_Exercise objective:_ In the entries that follow, the lines from the one with "Assume a horizontal FOV of 60.0°." through the one with "#16 rack frame [16,21,48,50]" are the ones to write out, exactly and with both ends included. Nothing else should appear.

START Material for this task

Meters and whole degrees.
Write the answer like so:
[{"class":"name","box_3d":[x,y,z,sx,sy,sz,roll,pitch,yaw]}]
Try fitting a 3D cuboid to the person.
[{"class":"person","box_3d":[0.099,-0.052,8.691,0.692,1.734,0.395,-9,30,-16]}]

END Material for this task
START Material for this task

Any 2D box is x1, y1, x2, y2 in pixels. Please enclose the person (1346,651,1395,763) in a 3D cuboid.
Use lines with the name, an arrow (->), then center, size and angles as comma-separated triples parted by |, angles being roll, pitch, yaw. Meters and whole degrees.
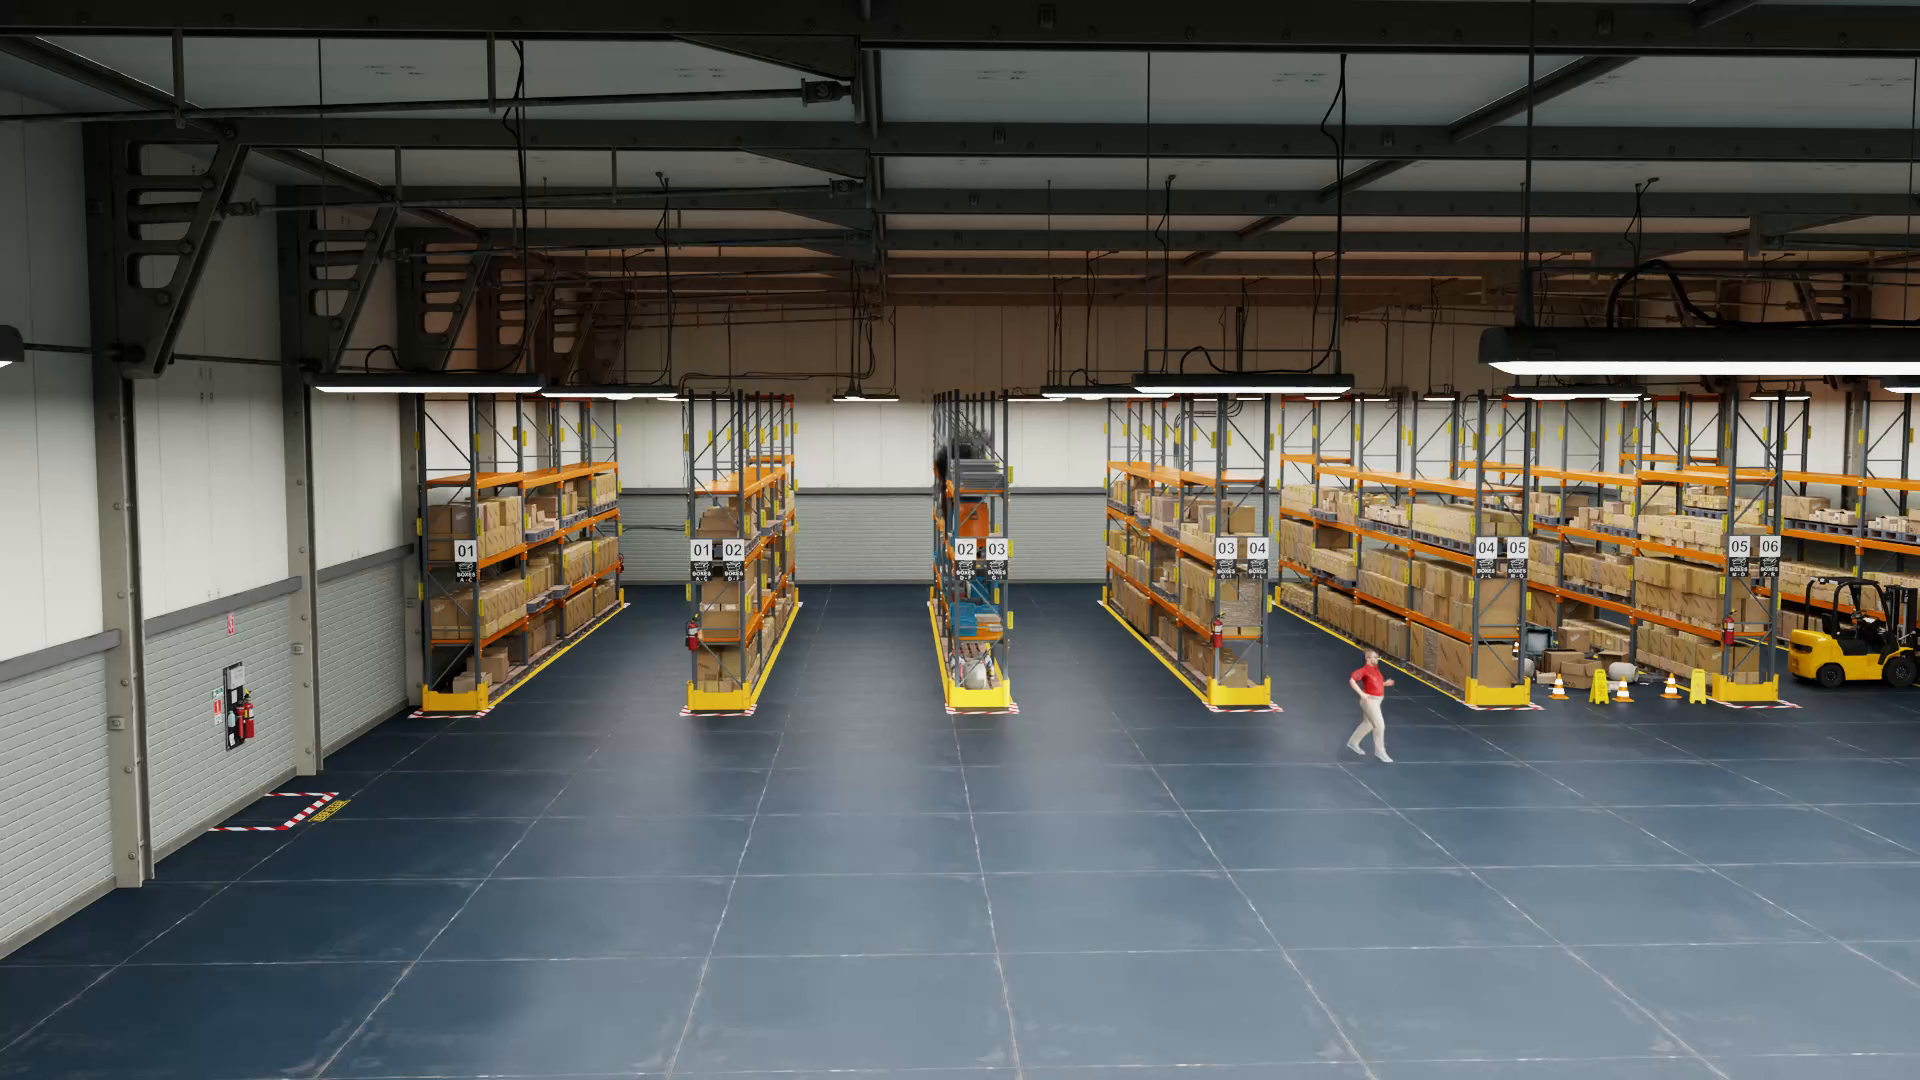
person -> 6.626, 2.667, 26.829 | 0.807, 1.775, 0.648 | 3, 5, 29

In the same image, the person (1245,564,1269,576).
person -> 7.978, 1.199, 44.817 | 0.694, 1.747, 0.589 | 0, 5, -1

END Material for this task
START Material for this task

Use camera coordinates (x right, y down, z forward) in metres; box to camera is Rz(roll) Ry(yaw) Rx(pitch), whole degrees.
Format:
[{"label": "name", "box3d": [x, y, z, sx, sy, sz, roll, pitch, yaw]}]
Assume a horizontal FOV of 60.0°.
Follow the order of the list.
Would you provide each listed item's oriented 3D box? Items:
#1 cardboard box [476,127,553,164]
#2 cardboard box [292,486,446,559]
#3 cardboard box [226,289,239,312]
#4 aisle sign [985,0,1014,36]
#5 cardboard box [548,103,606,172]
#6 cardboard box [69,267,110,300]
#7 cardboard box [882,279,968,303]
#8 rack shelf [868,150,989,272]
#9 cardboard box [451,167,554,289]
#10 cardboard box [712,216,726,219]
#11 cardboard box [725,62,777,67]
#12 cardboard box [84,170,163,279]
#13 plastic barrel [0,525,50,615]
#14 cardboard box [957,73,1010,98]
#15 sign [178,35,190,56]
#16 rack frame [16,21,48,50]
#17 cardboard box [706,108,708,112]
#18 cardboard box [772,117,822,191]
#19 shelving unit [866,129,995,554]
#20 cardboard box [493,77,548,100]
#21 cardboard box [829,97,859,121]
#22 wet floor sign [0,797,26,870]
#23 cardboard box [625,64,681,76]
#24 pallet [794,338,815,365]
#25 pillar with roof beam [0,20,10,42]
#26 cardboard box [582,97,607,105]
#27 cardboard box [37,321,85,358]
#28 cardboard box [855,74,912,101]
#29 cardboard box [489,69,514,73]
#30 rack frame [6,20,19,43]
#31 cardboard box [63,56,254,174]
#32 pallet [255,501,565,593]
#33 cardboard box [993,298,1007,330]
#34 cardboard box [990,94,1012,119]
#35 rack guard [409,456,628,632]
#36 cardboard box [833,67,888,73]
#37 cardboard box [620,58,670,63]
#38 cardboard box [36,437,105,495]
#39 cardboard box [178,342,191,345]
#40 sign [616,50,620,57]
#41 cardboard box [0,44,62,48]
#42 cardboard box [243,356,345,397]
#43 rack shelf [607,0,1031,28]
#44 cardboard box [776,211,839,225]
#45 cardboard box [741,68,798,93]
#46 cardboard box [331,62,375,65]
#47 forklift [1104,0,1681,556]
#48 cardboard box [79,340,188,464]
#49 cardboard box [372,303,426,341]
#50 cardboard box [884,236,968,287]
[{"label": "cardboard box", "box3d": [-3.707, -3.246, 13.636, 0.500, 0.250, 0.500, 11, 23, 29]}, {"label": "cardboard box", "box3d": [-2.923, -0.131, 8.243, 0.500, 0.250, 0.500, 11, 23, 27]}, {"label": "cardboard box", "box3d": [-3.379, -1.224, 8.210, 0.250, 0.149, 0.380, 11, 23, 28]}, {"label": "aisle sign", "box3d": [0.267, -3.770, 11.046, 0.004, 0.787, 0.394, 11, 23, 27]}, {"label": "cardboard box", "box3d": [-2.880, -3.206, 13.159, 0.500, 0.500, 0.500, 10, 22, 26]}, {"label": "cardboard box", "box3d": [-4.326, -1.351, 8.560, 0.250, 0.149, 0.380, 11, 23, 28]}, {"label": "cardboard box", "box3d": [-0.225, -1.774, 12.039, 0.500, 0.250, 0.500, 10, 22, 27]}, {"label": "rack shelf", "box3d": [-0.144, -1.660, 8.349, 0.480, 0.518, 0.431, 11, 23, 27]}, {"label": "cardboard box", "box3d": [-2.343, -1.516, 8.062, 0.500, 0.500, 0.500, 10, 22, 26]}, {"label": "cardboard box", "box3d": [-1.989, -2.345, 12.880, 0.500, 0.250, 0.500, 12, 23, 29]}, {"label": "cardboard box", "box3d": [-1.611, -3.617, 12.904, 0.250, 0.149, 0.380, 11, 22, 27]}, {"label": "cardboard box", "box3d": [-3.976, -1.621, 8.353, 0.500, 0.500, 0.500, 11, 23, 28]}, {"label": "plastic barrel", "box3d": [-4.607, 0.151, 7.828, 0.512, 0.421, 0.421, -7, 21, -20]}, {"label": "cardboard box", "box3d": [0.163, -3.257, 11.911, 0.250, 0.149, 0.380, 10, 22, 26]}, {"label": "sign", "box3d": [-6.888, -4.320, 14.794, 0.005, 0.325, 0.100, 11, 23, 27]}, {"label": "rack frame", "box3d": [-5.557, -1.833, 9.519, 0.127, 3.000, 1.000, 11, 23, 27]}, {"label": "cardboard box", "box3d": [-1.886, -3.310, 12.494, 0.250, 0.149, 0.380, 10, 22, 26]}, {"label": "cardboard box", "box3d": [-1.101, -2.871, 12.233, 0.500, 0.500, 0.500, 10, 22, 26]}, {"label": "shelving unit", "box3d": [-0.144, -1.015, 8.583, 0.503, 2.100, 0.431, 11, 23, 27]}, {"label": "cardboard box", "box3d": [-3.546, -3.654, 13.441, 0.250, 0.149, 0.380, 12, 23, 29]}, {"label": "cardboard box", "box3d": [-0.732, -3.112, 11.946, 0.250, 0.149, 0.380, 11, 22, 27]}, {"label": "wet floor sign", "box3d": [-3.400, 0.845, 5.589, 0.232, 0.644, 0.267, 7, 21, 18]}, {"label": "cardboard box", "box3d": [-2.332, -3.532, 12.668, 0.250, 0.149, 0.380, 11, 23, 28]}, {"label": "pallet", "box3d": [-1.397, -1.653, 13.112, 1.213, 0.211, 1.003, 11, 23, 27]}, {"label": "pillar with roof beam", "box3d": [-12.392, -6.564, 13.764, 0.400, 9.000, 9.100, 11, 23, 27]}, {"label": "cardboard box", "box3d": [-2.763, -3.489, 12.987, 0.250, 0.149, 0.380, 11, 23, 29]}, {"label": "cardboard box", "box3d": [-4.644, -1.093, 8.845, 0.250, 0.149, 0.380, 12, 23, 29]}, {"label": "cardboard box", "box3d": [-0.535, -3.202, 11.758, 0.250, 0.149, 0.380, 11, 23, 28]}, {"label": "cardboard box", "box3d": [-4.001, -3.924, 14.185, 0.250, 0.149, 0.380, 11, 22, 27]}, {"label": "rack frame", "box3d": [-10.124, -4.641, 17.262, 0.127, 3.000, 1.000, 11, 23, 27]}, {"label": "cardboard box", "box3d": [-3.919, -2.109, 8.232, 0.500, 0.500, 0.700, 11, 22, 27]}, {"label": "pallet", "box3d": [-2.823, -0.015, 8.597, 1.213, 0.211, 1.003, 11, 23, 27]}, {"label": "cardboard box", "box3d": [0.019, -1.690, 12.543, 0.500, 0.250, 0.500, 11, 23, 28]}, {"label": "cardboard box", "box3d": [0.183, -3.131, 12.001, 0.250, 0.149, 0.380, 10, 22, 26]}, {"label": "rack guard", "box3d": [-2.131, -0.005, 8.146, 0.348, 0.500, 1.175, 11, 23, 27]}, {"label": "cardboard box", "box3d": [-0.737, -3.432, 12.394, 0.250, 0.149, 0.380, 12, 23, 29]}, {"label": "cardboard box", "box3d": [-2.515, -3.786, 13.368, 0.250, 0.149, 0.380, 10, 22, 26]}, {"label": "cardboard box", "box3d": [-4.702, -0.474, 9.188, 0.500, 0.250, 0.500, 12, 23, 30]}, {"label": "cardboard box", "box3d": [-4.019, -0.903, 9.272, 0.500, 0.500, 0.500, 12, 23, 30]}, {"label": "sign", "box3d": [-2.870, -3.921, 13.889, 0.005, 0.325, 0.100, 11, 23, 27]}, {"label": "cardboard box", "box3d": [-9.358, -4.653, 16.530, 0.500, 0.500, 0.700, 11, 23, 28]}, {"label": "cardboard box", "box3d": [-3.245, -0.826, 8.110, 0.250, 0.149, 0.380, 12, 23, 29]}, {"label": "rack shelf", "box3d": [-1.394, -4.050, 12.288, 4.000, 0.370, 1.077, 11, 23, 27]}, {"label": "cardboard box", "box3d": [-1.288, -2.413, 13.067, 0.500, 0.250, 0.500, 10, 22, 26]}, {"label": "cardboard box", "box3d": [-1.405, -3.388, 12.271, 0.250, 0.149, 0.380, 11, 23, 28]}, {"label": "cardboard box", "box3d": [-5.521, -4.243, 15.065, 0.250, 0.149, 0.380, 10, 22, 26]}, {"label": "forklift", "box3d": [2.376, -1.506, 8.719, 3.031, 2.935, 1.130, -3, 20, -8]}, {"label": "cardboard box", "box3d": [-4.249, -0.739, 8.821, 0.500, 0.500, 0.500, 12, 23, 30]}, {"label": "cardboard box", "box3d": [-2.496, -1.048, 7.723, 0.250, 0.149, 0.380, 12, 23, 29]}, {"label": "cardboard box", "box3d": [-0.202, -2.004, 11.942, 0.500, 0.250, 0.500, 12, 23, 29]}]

END Material for this task

_Solution for this exercise:_
Assume a horizontal FOV of 60.0°.
Follow the order of the list.
Would you provide each listed item's oriented 3D box? Items:
#1 cardboard box [476,127,553,164]
#2 cardboard box [292,486,446,559]
#3 cardboard box [226,289,239,312]
#4 aisle sign [985,0,1014,36]
#5 cardboard box [548,103,606,172]
#6 cardboard box [69,267,110,300]
#7 cardboard box [882,279,968,303]
#8 rack shelf [868,150,989,272]
#9 cardboard box [451,167,554,289]
#10 cardboard box [712,216,726,219]
#11 cardboard box [725,62,777,67]
#12 cardboard box [84,170,163,279]
#13 plastic barrel [0,525,50,615]
#14 cardboard box [957,73,1010,98]
#15 sign [178,35,190,56]
#16 rack frame [16,21,48,50]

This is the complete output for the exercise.